RECORDS PROVIDED:
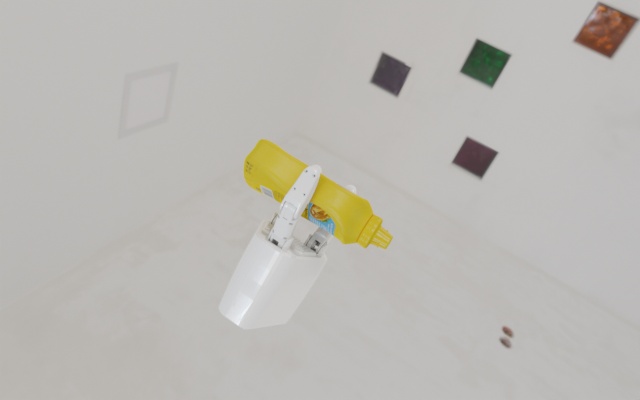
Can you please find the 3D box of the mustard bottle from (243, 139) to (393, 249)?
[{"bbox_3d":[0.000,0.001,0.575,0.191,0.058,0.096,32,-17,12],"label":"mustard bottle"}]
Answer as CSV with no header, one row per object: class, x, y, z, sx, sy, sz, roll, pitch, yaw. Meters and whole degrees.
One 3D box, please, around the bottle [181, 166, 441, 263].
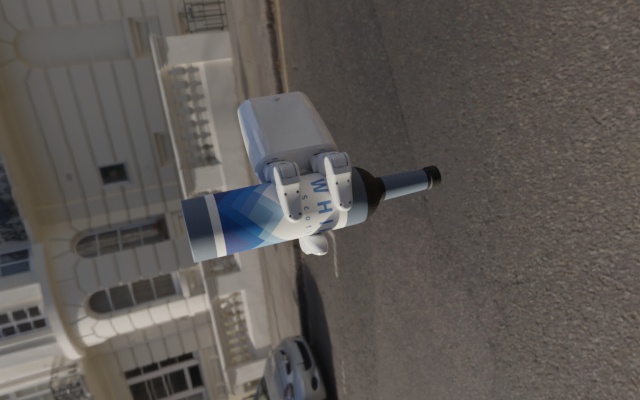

...

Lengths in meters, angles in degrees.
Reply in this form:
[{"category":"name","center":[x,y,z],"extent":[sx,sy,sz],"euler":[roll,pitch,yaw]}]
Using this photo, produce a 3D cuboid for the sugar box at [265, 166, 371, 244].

--

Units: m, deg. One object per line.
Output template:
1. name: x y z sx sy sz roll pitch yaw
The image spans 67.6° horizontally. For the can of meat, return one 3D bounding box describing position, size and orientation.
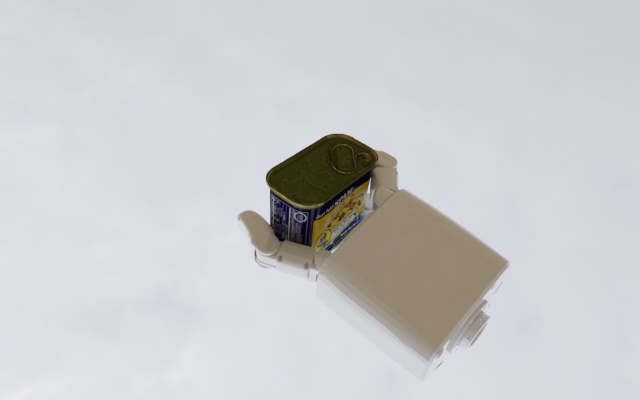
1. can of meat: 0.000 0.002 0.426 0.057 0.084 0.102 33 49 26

INSTRUCTIONS TO FOLLOW: What is needed is a verbatim copy of every line in the records above from the one containing "Lengths in meters, angles in degrees." down to the one containing "Using this photo, produce", both included, and nothing more.

WRITTEN RESPONSE:
Lengths in meters, angles in degrees.
Reply in this form:
[{"category":"name","center":[x,y,z],"extent":[sx,sy,sz],"euler":[roll,pitch,yaw]}]
Using this photo, produce a 3D cuboid for the sugar box at [265, 166, 371, 244].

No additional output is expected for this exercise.